ASSESSING RIDGE REGRESSION AND PLS REGRESSION: A THOROUGH EXAMINATION

Abstract

In the realm of statistical modeling, a longstanding debate has persisted regarding Ridge Regression (RR) and Partial Least Squares (PLS) as preferred methodologies. Statisticians argue in favor of RR, rooted in a well-established mathematical foundation, while PLS finds favor among chemometricians due to its reliance on orthogonal variable projection. This divide stems from the unknown statistical properties of PLS. PLS, akin to Canonical Correlation (CC), employs orthogonal vector projection. It focuses on maximizing the covariance between X- and Y-score vectors, in contrast to CC's emphasis on correlation. PLS and CC theories exhibit a close connection.
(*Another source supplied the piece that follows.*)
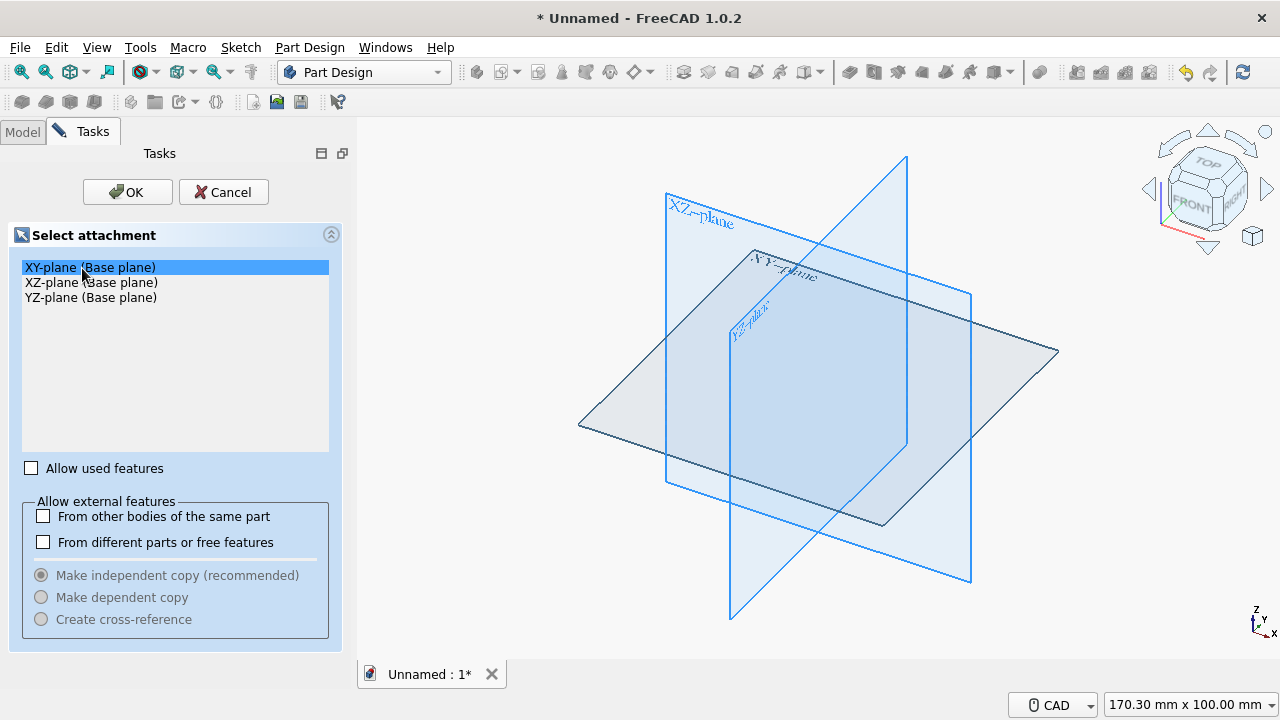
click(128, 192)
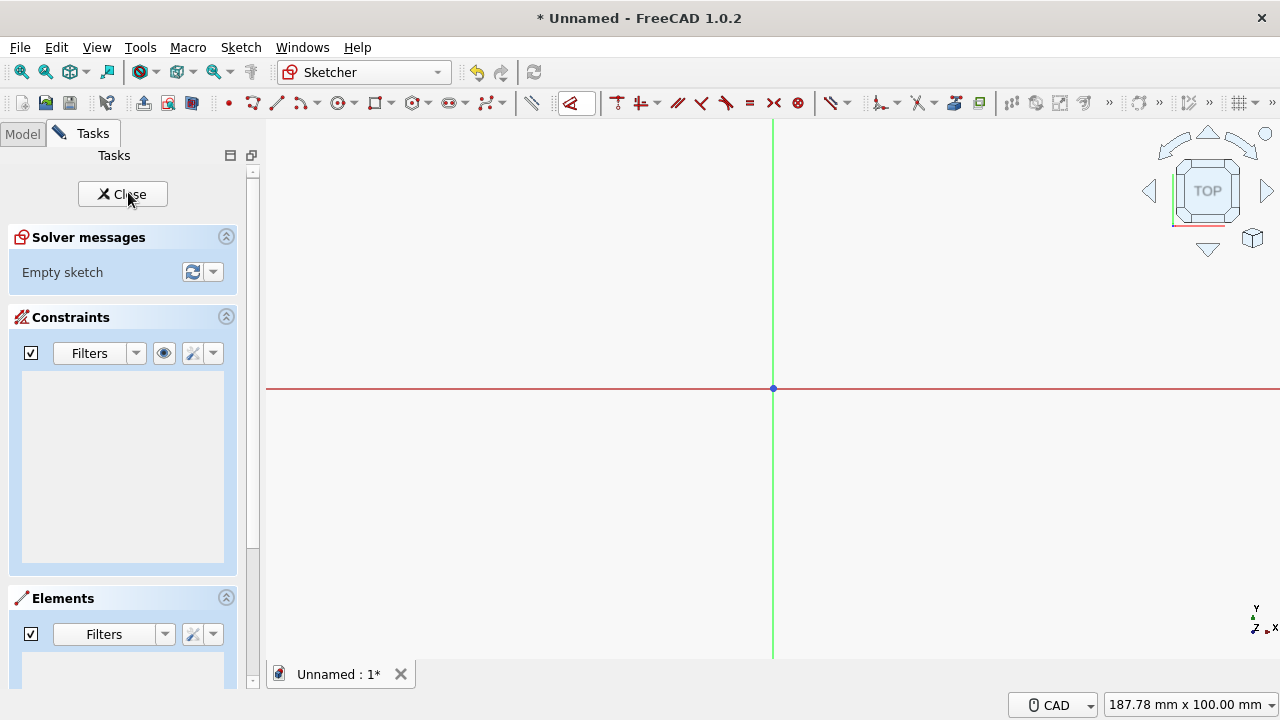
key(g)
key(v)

Notably, PLS accommodates situations with more variables than samples, a critical advantage. Validation techniques like cross-validation and test sets are leveraged to affirm results, complemented by graphical tools for data exploration. The seminal work by Frank et al. (1993) compared RR and PLS, concluding a slight preference for RR, albeit with minimal discernible difference. Critics noted the use of simulated data with full rank but small singular values, urging a shift towards real-world chemometric datasets. Subsequent research, searchable on scholar.google.com, has presented mixed findings. Basak et al. (2002) advocate for RR, while Irfan et al. (2013) and Wold et al. (1983) lend support to PLS.